3. The method of claim 2, wherein the sequencing method of the second generation sequencing technology comprises:

s1011: constructing a probe;

s1012: extracting DNA in a sample;

s1013: a library of building blocks;

4. The method of claim 2, wherein the determining whether one sample is contaminated by another sample comprises: comparing the measured sequences with a human reference genome, calculating the sequencing depth of A and a of each sample at each SNP locus, drawing typing graphs of the two samples according to the wild type proportion and the sequencing depth of each locus, and judging whether the samples are polluted or not according to the typing graphs; if one sample is contaminated, the other sample is not contaminated; and calculating the correlation between the two samples, and if the correlation is high, judging that one sample is polluted by the other sample.
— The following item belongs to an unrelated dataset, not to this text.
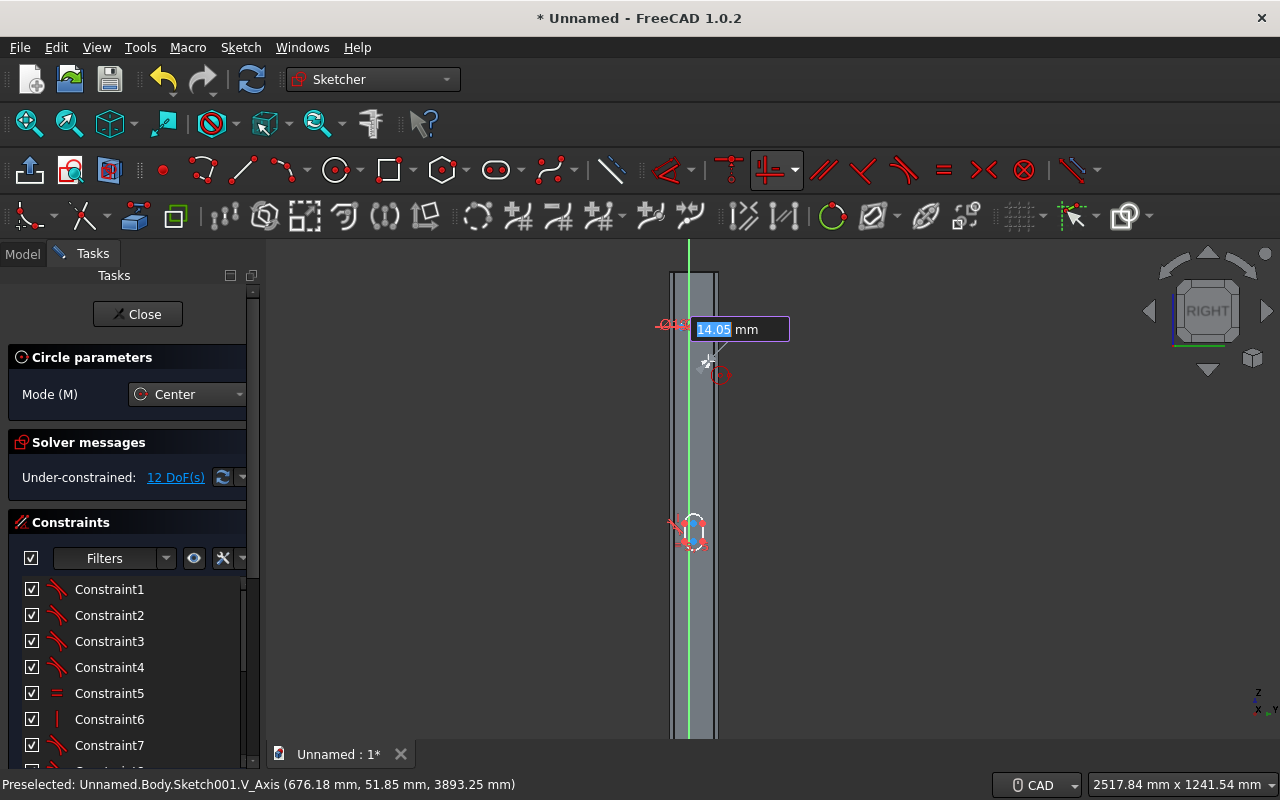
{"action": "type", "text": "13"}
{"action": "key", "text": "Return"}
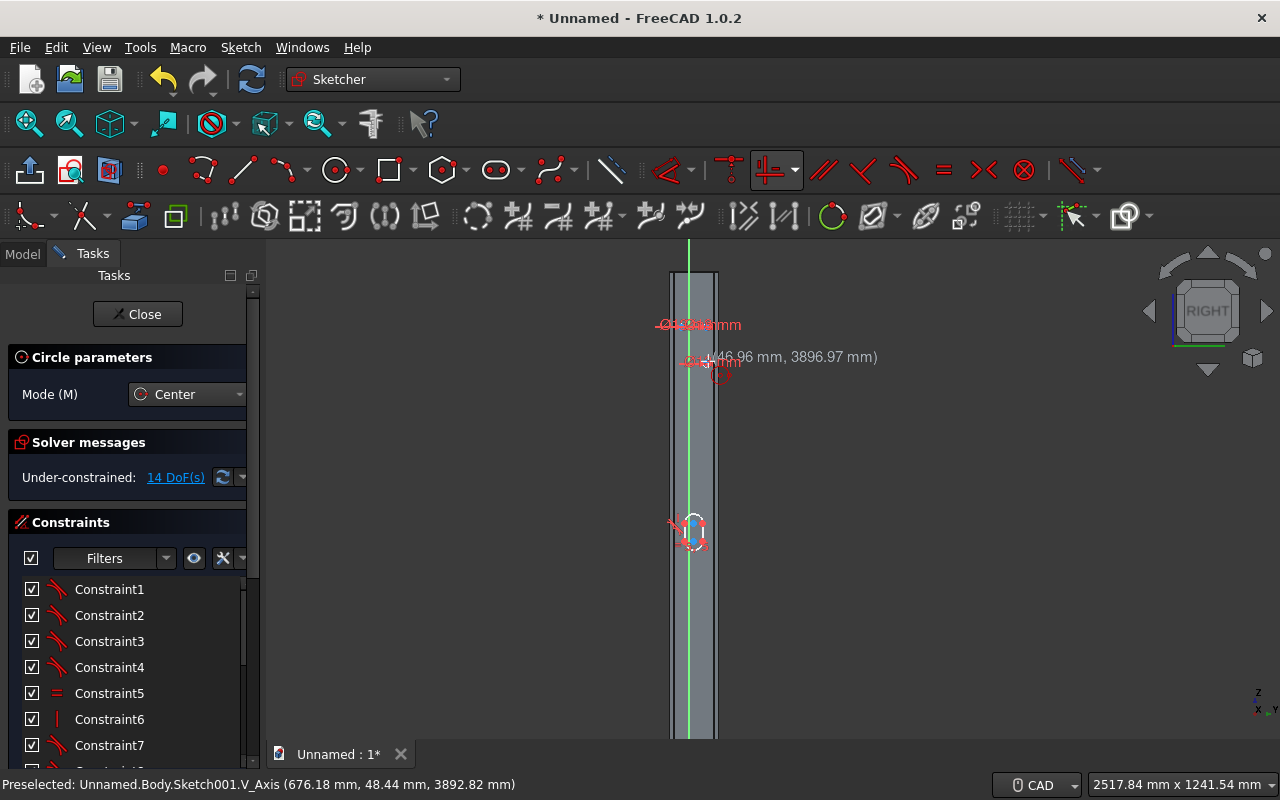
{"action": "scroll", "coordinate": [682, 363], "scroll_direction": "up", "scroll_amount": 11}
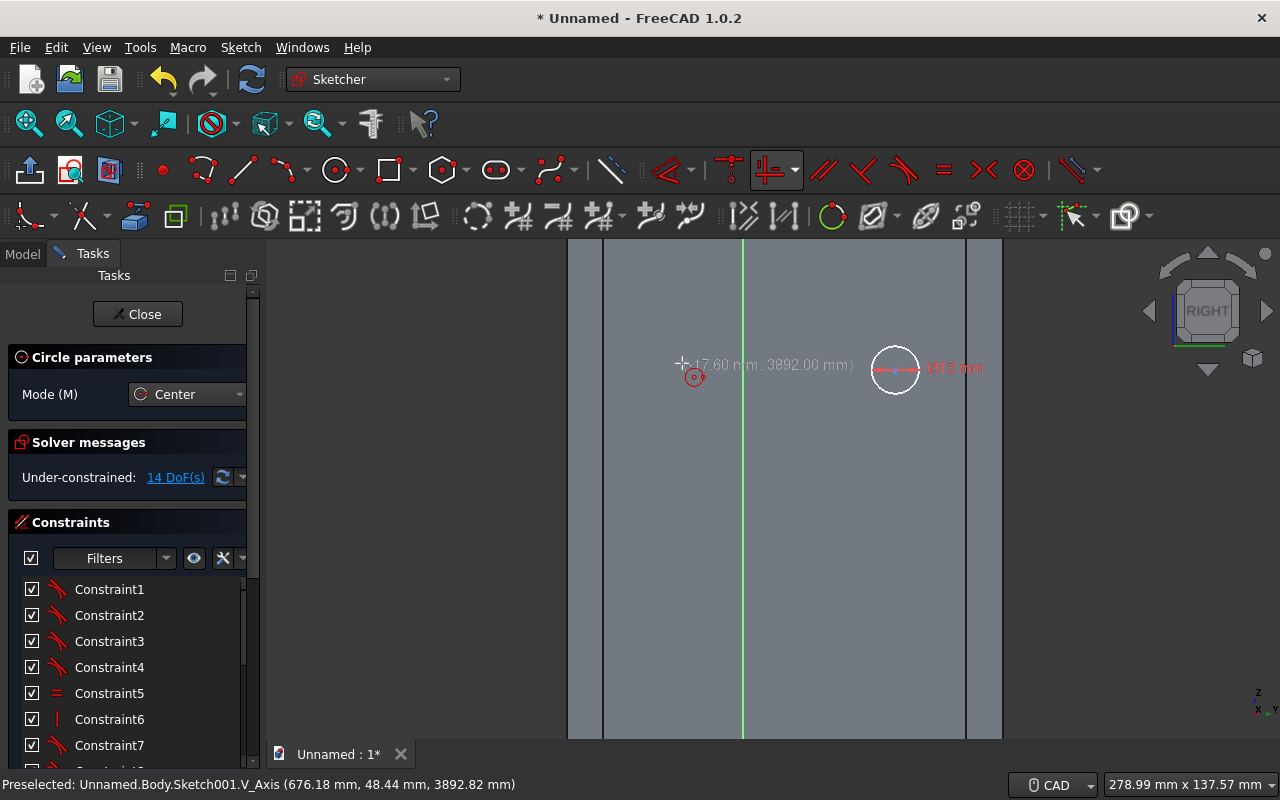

5. The method of claim 4, wherein the determining whether the sample is contaminated according to the typing map comprises:

drawing a typing map by taking the sequencing depth of the SNP locus as an abscissa and the wild type proportion of the SNP locus as an ordinate, taking a typing map in which points at the ordinate 0 and 1 are not dispersed as a typing map G of a clean sample, taking a typing map in which the ordinate is uniformly distributed from 0 to 1 as a typing map Y of a severely polluted sample, and taking a typing map in which the points at the ordinate 0 and 1 are more dispersed and are not overlapped with points near the ordinate 0.5 as a typing map L of a slightly polluted sample; if the typing map of the sample is Y, the sample is polluted; if the typing pattern of the sample is G or L, the sample is uncontaminated.

6. The method of claim 5, wherein M is obtained by correcting homozygote for at least 85% or less of the sites where A is present, or at least 15% of the sites where A is present, in step S102.

7. The method of claim 4, wherein if the correlation between the two samples is greater than 0.7, the correlation between the two samples is determined to be high.

8. The method of claim 1, wherein in step S103, only the sites where the proportion of A is 100% or 0% are designated as homozygotes, and the other sites are designated as heterozygotes.

9. The method as claimed in claim 2, wherein the step S104 comprises: f0 and F1 are obtained by calculation according to the frequency p of the wild type locus and the frequency q of the mutant type locus of the M homozygote SNP loci in the population and the Mendelian genetic law.

10. The method of claim 1, wherein the degree of deviation of F from F0 and F1 is judged by chi-square test in step S105, and no significant difference is considered when p is less than 0.05.